Thinking about squeezing my turbo trainer set up into my tiny office (steady now, i know what you're thinking).

If i go down this route i'll likely buy a dedicated 2nd bike that i can leave set up permanently like this. But in order for it to fit in the place i have in mind i would need to remove the front wheel and some how mount the forks onto something, any ideas, anyone done this ?

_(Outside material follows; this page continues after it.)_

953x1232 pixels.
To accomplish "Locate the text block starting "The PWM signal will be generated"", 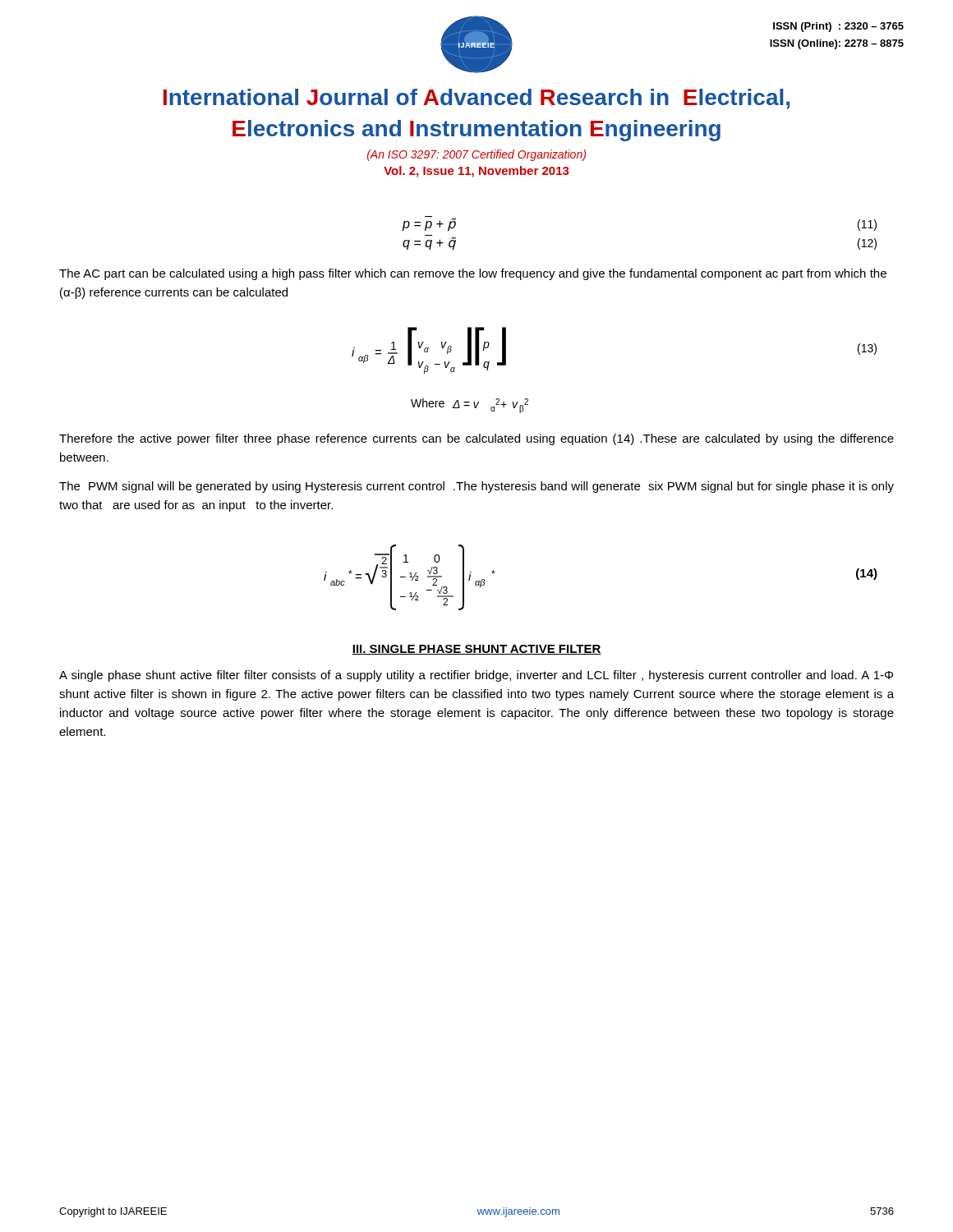I will (476, 495).

Wondered about a car roof fork bracket mounted onto some kind of support ? perhaps something already exists for this application ?

Many Thanks


----------



## Milkfloat (30 Jan 2020)

Tacx sell these for their Rollers. I got one with my rollers but have never used it.
https://www.chainreactioncycles.com/tacx-antares-support-stand/rp-prod43189







If you have not got room for a wheel, how will you have room for a TV/monitor?


----------



## Ridgeway (30 Jan 2020)

That looks great, thanks.

I can mounted the screen on the wall straight in front.


----------



## wonderloaf (31 Jan 2020)

Buy a cheap new / used / broken turbo trainer, remove the drive unit and use whats left to support the front fork?


----------



## Richard A Thackeray (16 Feb 2020)

My old Dyna-Tech 755Ti, on a turbo
2005









Turbo donated to Gail, from my running club, when she started dabbling in triathlons


----------